HNPCC clinical diagnosis was significantly more prevalent among younger patients in agreement with previous studies [18, 19]. In some other studies, the mean age at diagnosis for HNPCC patients was reported to be between 52–60 yrs [20, 21]. However, we found that almost 3% of patients over 45 yrs belonged to families fulfilling Amsterdam criteria. This indicates that taking detailed family history even in old cases is necessary and could identify CRC families with known genetic risk.

Also, we have found higher frequency of familial clustering of CRC apart from HNPCC cases in younger patients (Table 3).This in agreement with studies in other populations, suggests stronger genetic background in younger onset CRC patients [22].

We observed 15 families who did not fulfill HNPCC criteria, but with more than 2 CRC relatives in the family (Table 3). It was previously suggested that some familial cancers might be due to common environmental exposures of family members rather than genetic clustering of cancer [23], but more recently; it has been shown that familial risk for CRC are mainly due to heritable causes [24]. Therefore, these families could be added to HNPCC families to undergo analysis of MMR genes [25]. However, not all CRC clustering could be attributed to defects in genes involved in mismatch repair [26], and unknown loci may be responsible for much of the familial aggregation of CRC [27].

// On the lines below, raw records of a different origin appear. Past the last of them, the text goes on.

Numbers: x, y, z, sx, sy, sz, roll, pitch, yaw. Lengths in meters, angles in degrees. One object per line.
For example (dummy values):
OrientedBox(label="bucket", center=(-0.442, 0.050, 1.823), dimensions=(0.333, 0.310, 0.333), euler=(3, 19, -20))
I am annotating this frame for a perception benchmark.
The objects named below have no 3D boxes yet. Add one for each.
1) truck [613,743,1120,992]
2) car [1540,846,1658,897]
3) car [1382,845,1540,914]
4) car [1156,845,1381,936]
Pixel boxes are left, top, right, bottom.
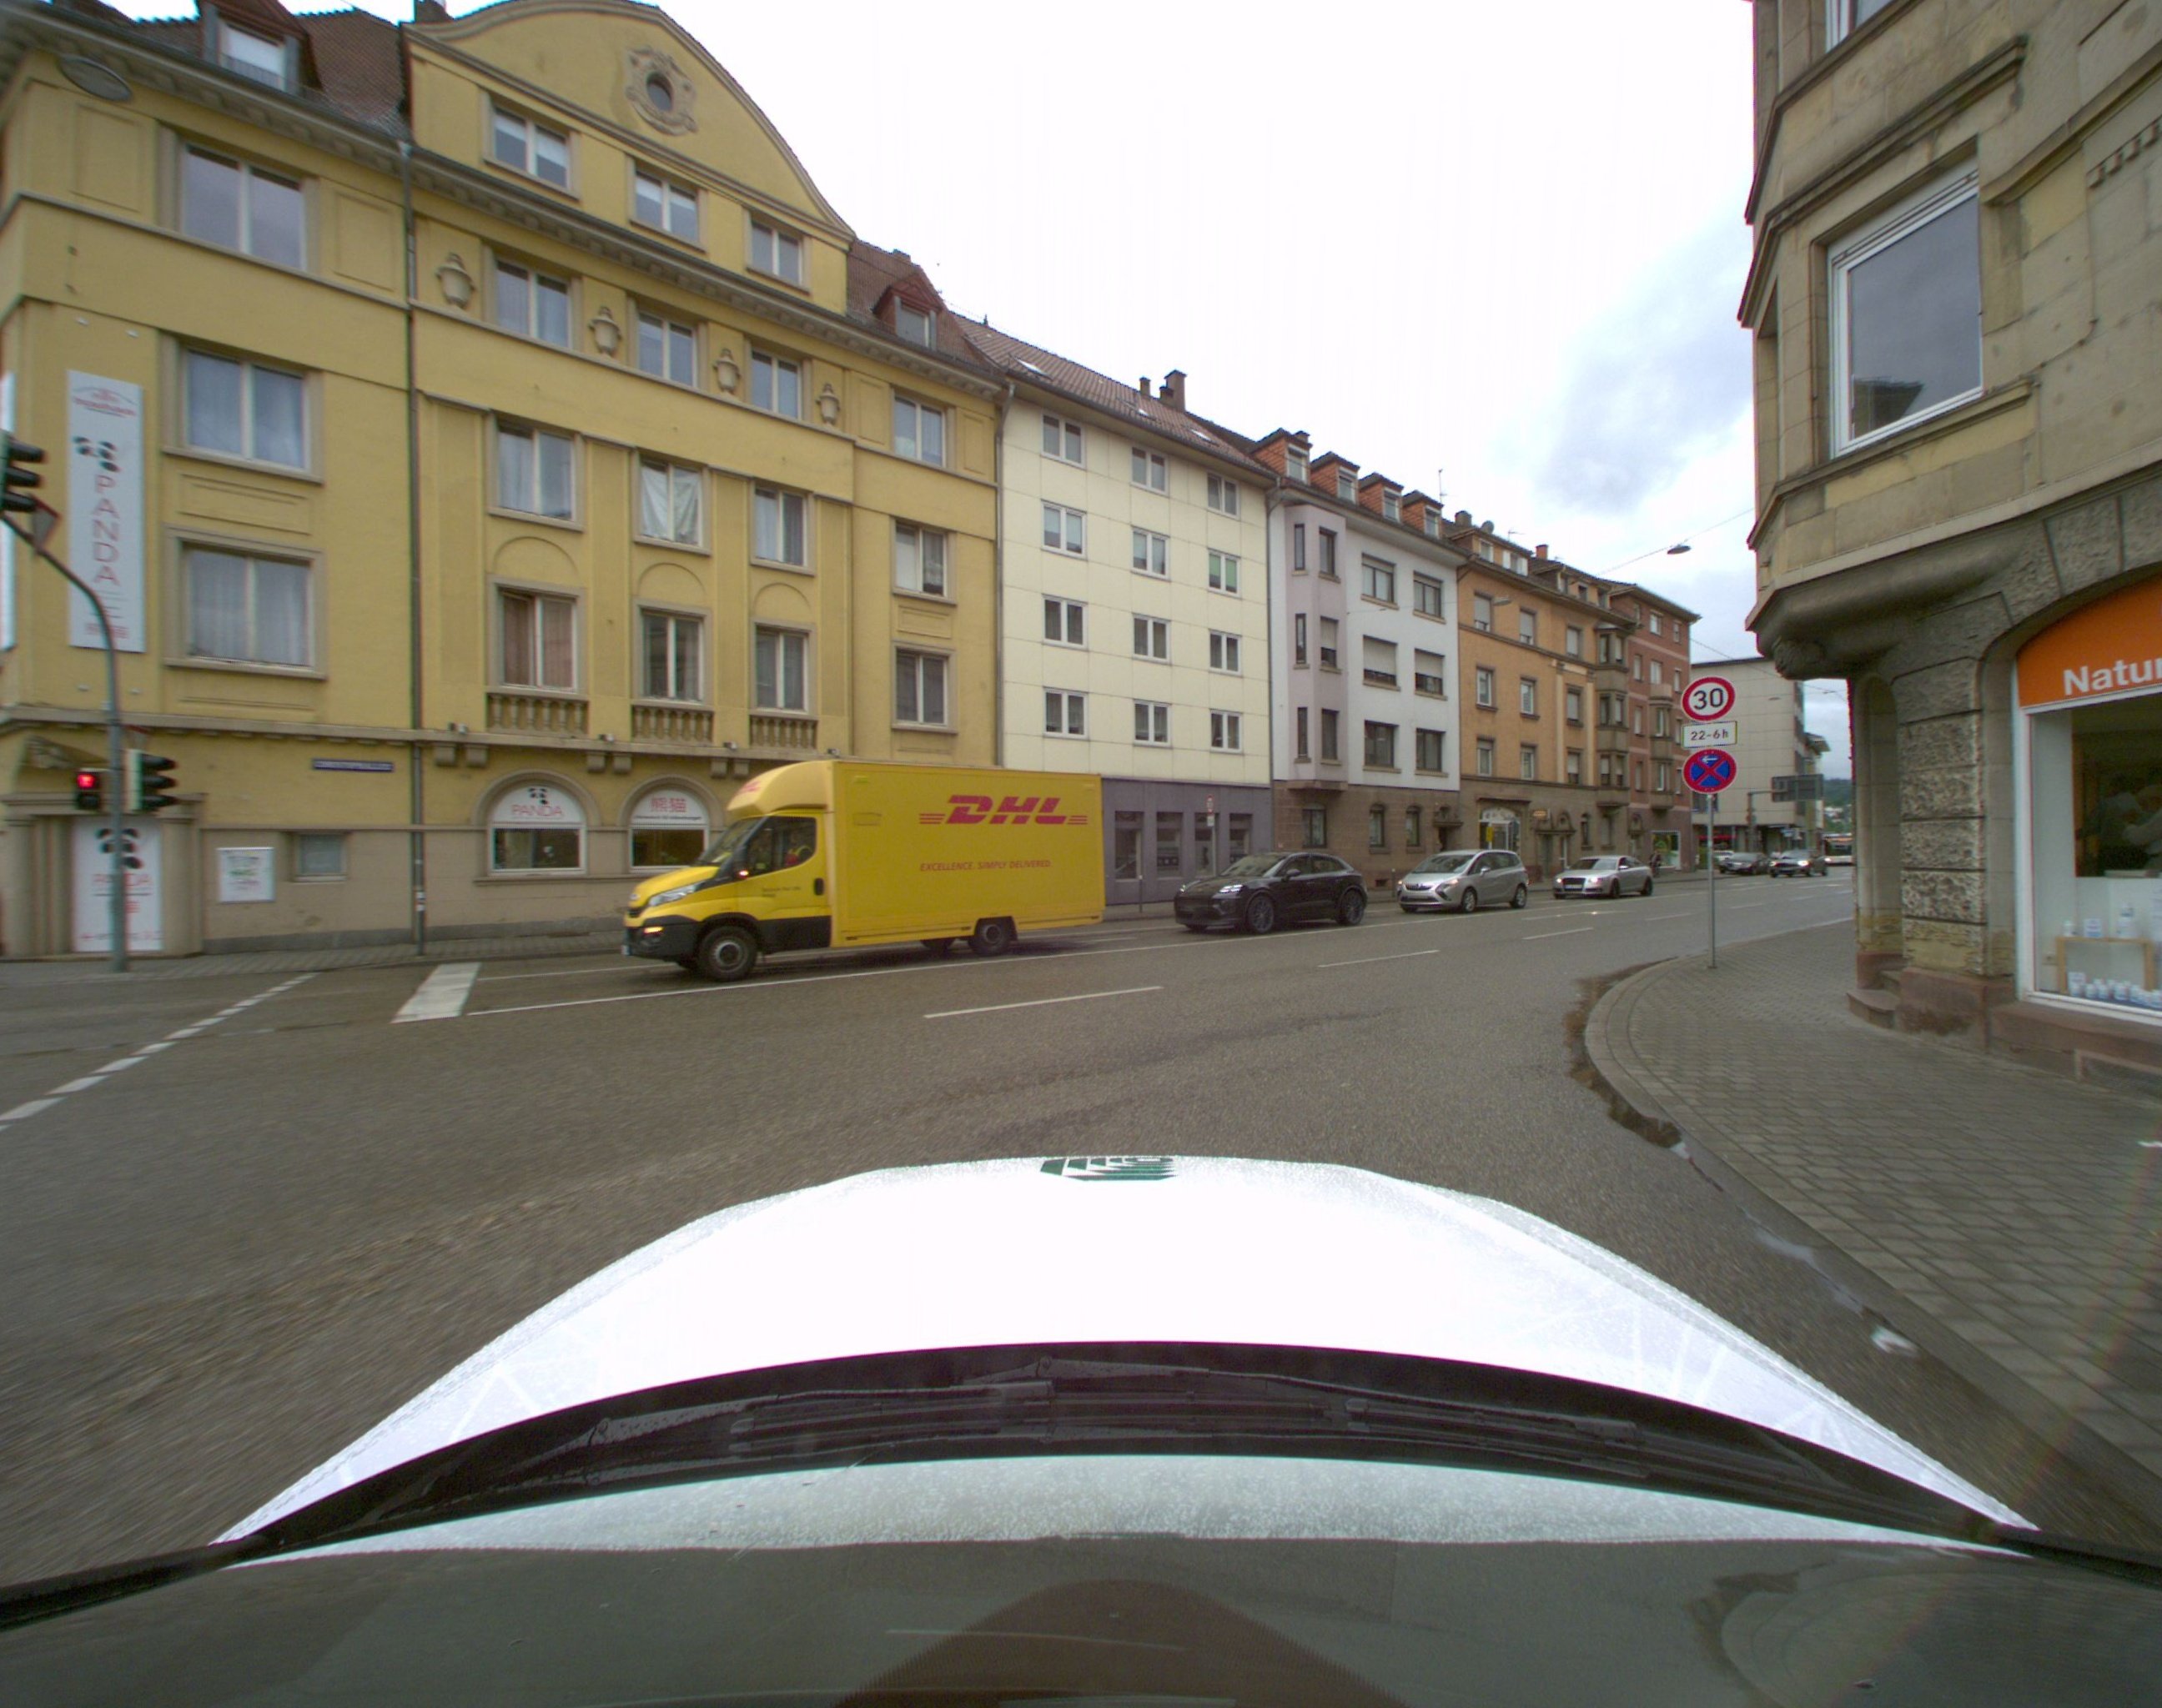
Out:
OrientedBox(label="truck", center=(-2.824, 0.150, 12.295), dimensions=(7.147, 2.851, 2.059), euler=(0, -1, -37))
OrientedBox(label="car", center=(17.485, 0.552, 27.422), dimensions=(4.253, 1.573, 1.928), euler=(0, 0, -36))
OrientedBox(label="car", center=(10.286, 0.614, 21.950), dimensions=(4.431, 1.685, 1.928), euler=(0, 0, -36))
OrientedBox(label="car", center=(4.054, 0.665, 17.228), dimensions=(4.848, 1.685, 1.978), euler=(0, 0, -37))

It is suggested that family history of CRC is related to the localization of tumor. Some studies proposed a stronger familial component for proximal than for distal colon cancer [6, 28], while this association was not observed in other studies [29]. In our study, right-sided tumors occurred more frequently in patients with positive family history of CRC compared to those without this history (36.9% vs. 17.7%, p < 0.001). This pattern was almost the same in patients over and under 45 yrs of age (Table 4). Also, we have found rectal cancer to be less frequent among younger probands with positive CRC family history. This is in agrremnet with the previous report of Olsson L and Lindblom A, in which the frequency of sigmoid cancer was shown to be lower among familial CRC cases compared to sporadic patients [21]. Altogether, these findings could indicate a difference in carcinogenic pathways based on the tumor location with heritable causes mostly affecting the right colon and exogenous factors responsible for carcinogenesis in the distal part of the large bowel. It has been suggested that chromosomal instability affecting allelic losses of APC and P53 are more frequent in distal colonic and rectal tumors than in proximal lesions. On the other hand, microsatellite instability is more common in proximal tumors [30].

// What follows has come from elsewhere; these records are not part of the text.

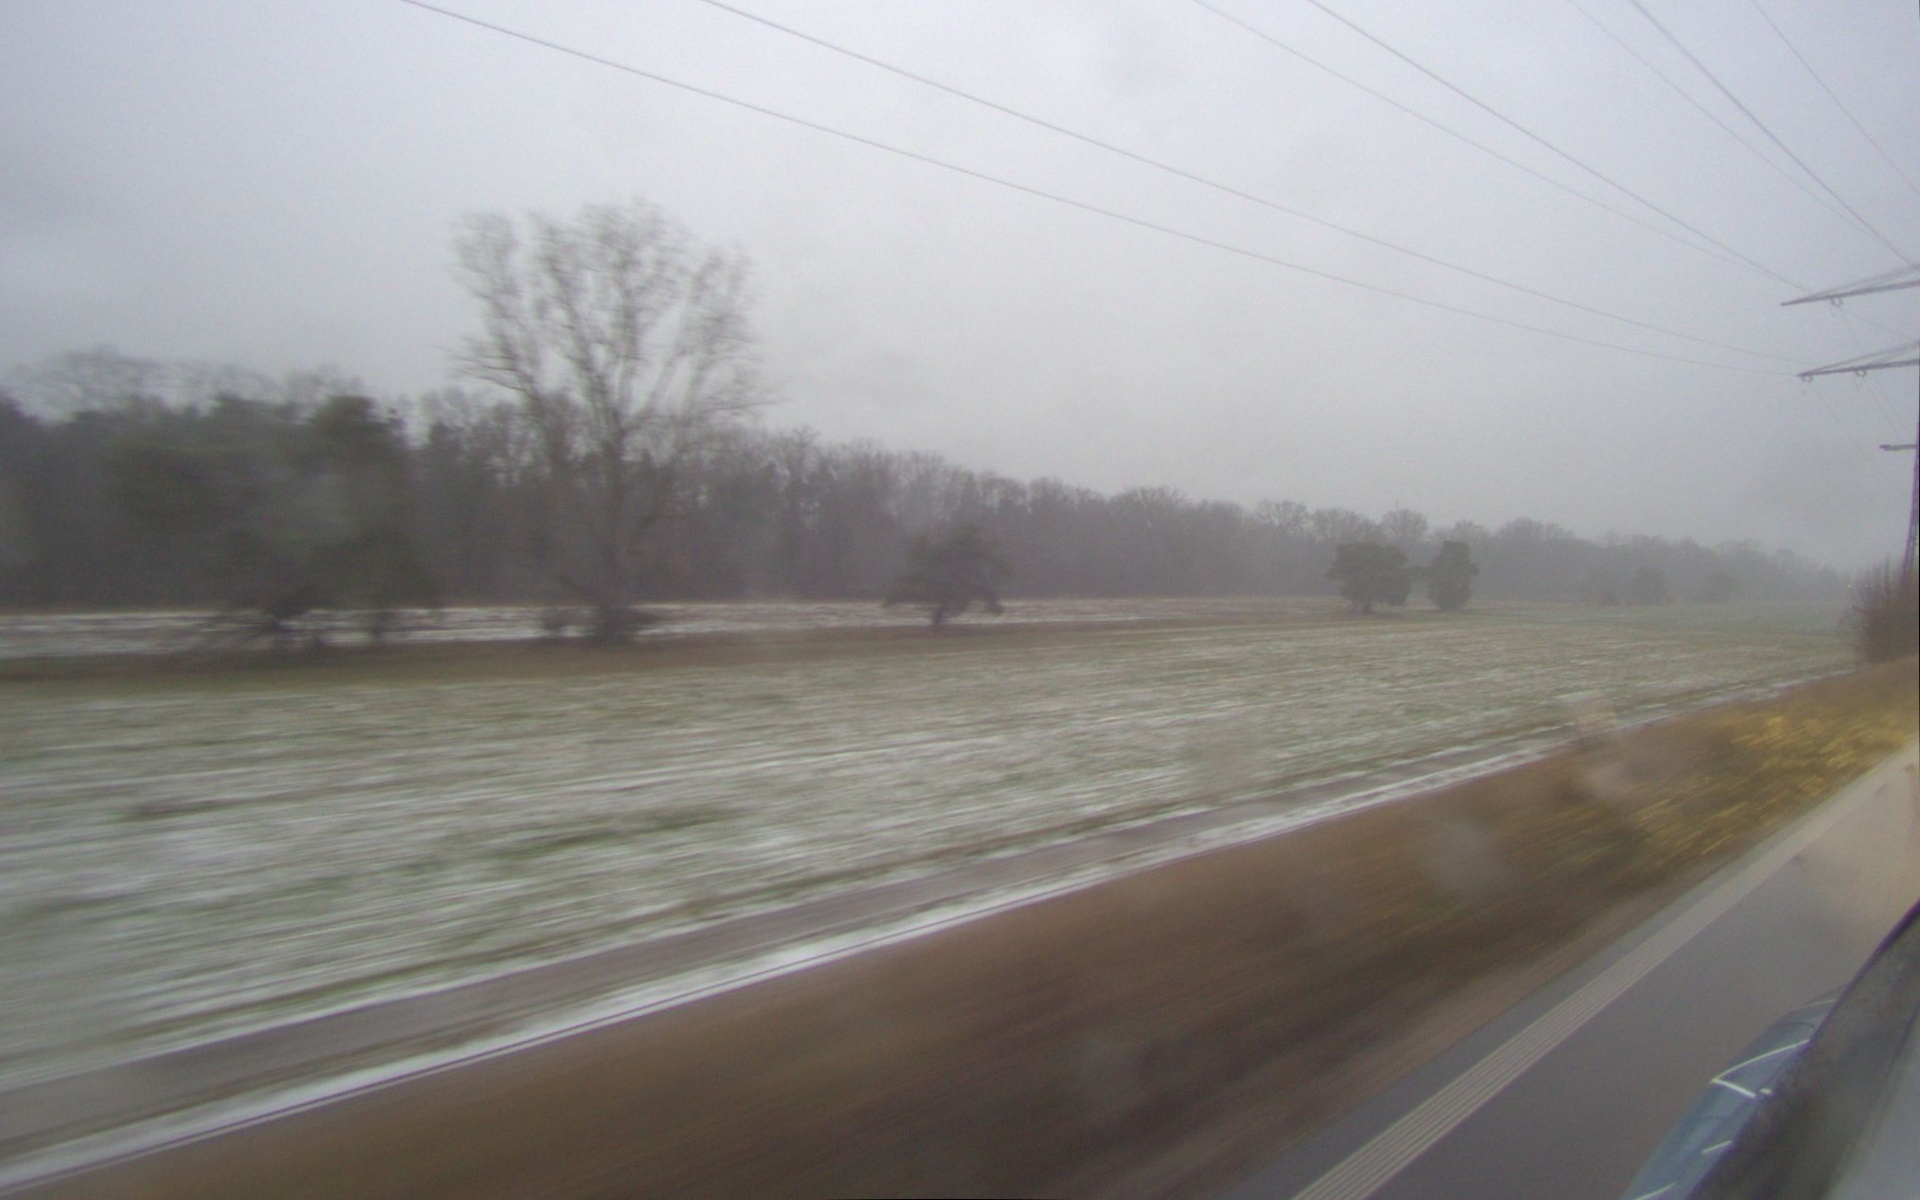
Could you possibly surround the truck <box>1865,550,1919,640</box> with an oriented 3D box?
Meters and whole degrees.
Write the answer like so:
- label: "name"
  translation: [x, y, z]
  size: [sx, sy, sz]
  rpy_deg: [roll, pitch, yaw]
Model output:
- label: "truck"
  translation: [35.008, -0.203, 36.460]
  size: [7.719, 3.015, 2.538]
  rpy_deg: [-1, 0, -40]

Appropriate screening strategies should be considered to decrease the burden of CRC in Iran.Our ongoing molecular and genetic studies including analysis of micro satellite instability and mismatch repair gene mutations would most likely help us to characterize the molecular basis for the observed clustering of colorectal cancer among families of younger onset patients and could lead to the adoption of simpler and more cost effective molecular screening in the future.

Conclusion

Clinical diagnosis of HNPCC was observed in 21 (4.7%) probands in our study. Familial clustering of CRC was more frequent in younger probands. The right side of the colon was more frequently affected in patients with positive family history of CRC. This indicates that a detailed family history is mandatory in colorectal cancer patients with particular attention to younger onset cases and those with right-sided tumors.